La invitación de este mes del papa dice así: “Las puertas de nuestras parroquias siempre están abiertas. Pidamos para que sigan así al servicio de los demás y de la transmisión de la fe- Las parroquias tienen que estar en contacto con los hogares, con la vida de la gente, con la vida del pueblo. Tienen que ser casas donde la puerta esté siempre abierta para salir hacia los demás. Y es importante que la salida siga una clara propuesta de fe. Se trata de abrir las puertas y dejar que Jesús salga afuera con toda la alegría de su mensaje. Pidamos por nuestras parroquias, para que no sean oficinas funcionales, sino que, animadas por un espíritu misionero, sean lugares de transmisión de la fe y testimonio de la caridad”.
Esta invitación a la oración por las parroquias me recordó una reflexión que Raquel y yo realizamos durante algunas etapas del Camino.
El verano que comenzamos el Camino de Santiago, José María, monje cisterciense y nuestro acompañante espiritual, se encontraba enfermo de cáncer.

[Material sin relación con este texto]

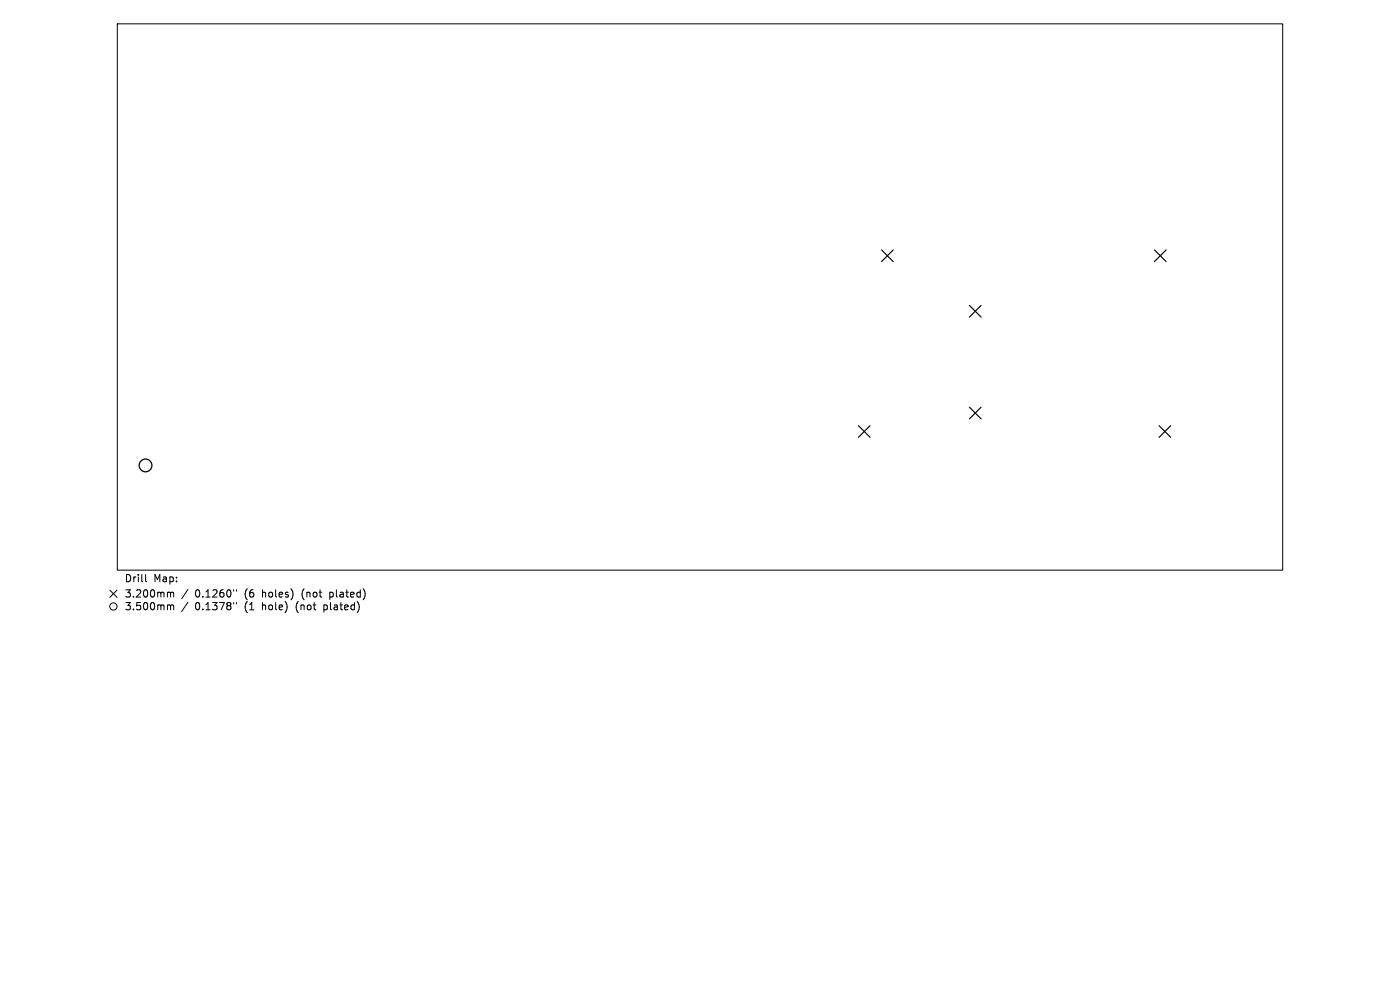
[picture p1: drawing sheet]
<svg xmlns="http://www.w3.org/2000/svg" width="297mm" height="210mm" viewBox="0 0 297 210" stroke-linecap="round" stroke-linejoin="round" font-family="sans-serif">
<defs><g id="words">
<g font-size="2.2">
<text x="26.4" y="123.7">Drill</text>
<text x="32.6" y="123.7">Map:</text>
<text x="26.4" y="127">3.200mm</text>
<text x="26.4" y="129.7">3.500mm</text>
<text x="41.4" y="127">0.1260&quot;</text>
<text x="41.4" y="129.7">0.1378&quot;</text>
<text x="52" y="127">(6</text>
<text x="52" y="129.7">(1</text>
<text x="55.8" y="127">holes)</text>
<text x="55.8" y="129.7">hole)</text>
<text x="63.1" y="129.7">(not</text>
<text x="64.4" y="127">(not</text>
<text x="69.2" y="129.7">plated)</text>
<text x="70.4" y="127">plated)</text>
</g>
</g></defs>
<g fill="none" stroke="#000" stroke-width=".21">
<path d="M24.9 5.1h247.2v115.8h-247.2zM23.3 125.2l1.5 1.5M24.8 125.2l-1.5 1.5M30.9 121.9v1.3l.2 .2M35.7 125.6l.5 .2M35.7 128.3l.5 .2M36.2 125.8l.2-.2 .4 .1 .1 1M36.2 125.8v.9M36.2 128.5v.9M36.2 128.5l.2-.2 .4 .1 .1 1M39.9 125l-1.4 2M39.9 127.7l-1.4 2"/>
<path d="M49.6 125.1v.3M49.6 127.8v.3M50.2 125.1v.3M50.2 127.8v.3"/>
<circle cx="24.1" cy="128.6" r=".77"/>
</g>
<path d="M187 53l2.5 2.5M189.5 53l-2.5 2.5M244.9 53l2.5 2.5M247.4 53l-2.5 2.5M205.7 64.8l2.4 2.5M208.1 64.8l-2.4 2.5M182.1 90.3l2.5 2.5M184.6 90.3l-2.5 2.5M205.7 86.4l2.4 2.4M208.1 86.4l-2.4 2.4M245.9 90.3l2.5 2.5M248.4 90.3l-2.5 2.5" fill="none" stroke="#000" stroke-width=".25"/>
<circle cx="30.9" cy="98.7" r="1.35" fill="none" stroke="#000" stroke-width=".27"/>
<use href="#words"/>
</svg>

Residía en las islas Canarias y estábamos dispuestos a pasar las vacaciones visitándole, quizás intuíamos que le quedaba poco tiempo de vida, pero por distintas circunstancias, al final no fue posible.
Comenzamos el camino en septiembre y etapa tras etapa nos encontramos con la mayoría de las iglesias cerradas, solamente en los pueblos grandes algunas estaban abiertas. Fue una cosa que nos dio pena y nos sorprendió, pues cuando llegábamos a un pueblo nos hubiera gustado entrar en la Iglesia y rezar un poco.
Preguntamos cuál era el motivo, y nos dijeron que solamente en verano las mantenían abiertas, por orden del obispado, pero que luego no había nadie para cuidarlas y las cerraban, solamente se abrían para las celebraciones dominicales. Como en tantos y tantos sitios…
Al cuarto día de camino, nos llegó la noticia de la muerte de nuestro amigo José María; la noticia nos cogió en una cuesta empinada y nos dejó clavados, lo comentamos y el silencio se apoderó de los dos; el resto del camino fueron las lágrimas nuestras compañeras.
Tras el tiempo de silencio, comenzamos a dialogar y vimos en este suceso el último mensaje de nuestro amigo “Juan, te quiero en el camino, Él os quiere en el camino…”
Las Iglesias cerradas cobraron un significado nuevo y comenzaron a decirnos: “Dios está en los caminos, ese es el lugar del diácono permanente, encontrarse con Dios en el camino, caminar entre la gente, acompañar, escuchar, dialogar, sanar…”.
En el camino se pueden vivenciar muchas experiencias, se ven muchas actitudes. El grupo alegre que camina junto; el hombre o la mujer que caminan solos, unas veces con la sonrisa en la cara, otras veces en silencio; el que sufre porque va herido, en el cuerpo o en el alma.
Puedes encontrarte con el que lo hace por deporte, el que lo hace por reto personal, el que lo hace para pasar las vacaciones, el que lo hace por motivos religiosos; miles son los sentidos del camino. Como en la vida, el camino muestra la disparidad de gente y de intereses.
También ves el que sufre, el que pasa a tu lado llorando, o apoyado en su compañera con una ostensible cojera.
Peregrinos que te ofrecen ayuda, que te sonríen y te desean “buen camino”.
Gentes de todas las partes del mundo….
El diácono permanente está llamado a vivir en la realidad, en el día a día de la gente que camina por los senderos de la vida; lejos del paraguas calentito del templo y sus despachos.
Jesús se lanzó a los caminos, recorrió Israel de arriba abajo; en los caminos se encontró con la gente que le necesitaba, no los esperaba en un despacho; Él salía a buscarlos por las cunetas, donde encontró a la gente tirada, a la que no contaba. En los caminos fue cumpliendo la misión que el Padre le había encomendado.
Los diáconos permanentes sienten la invitación a lanzarse al camino, pues es la única manera de llegar a las periferias.
Pero de vez en cuando encontrábamos una iglesia abierta, a veces una ermita; entonces entrábamos y, dejando la mochila y los bastones en la entrada, nos sentábamos en un banco y en silencio hablábamos con el Padre y recogíamos fuerzas para continuar en el camino.
No estaban todas cerradas, alguna al menos abría y en ellas encontrábamos la intimidad que el camino no te da, y podíamos orar, recogernos con el Padre y con la Madre. Y el camino, luego, nos daba el sentido del tiempo de intimidad.
Como dice el papa Francisco “Tienen que ser casas donde la puerta esté siempre abierta para salir hacia los demás”.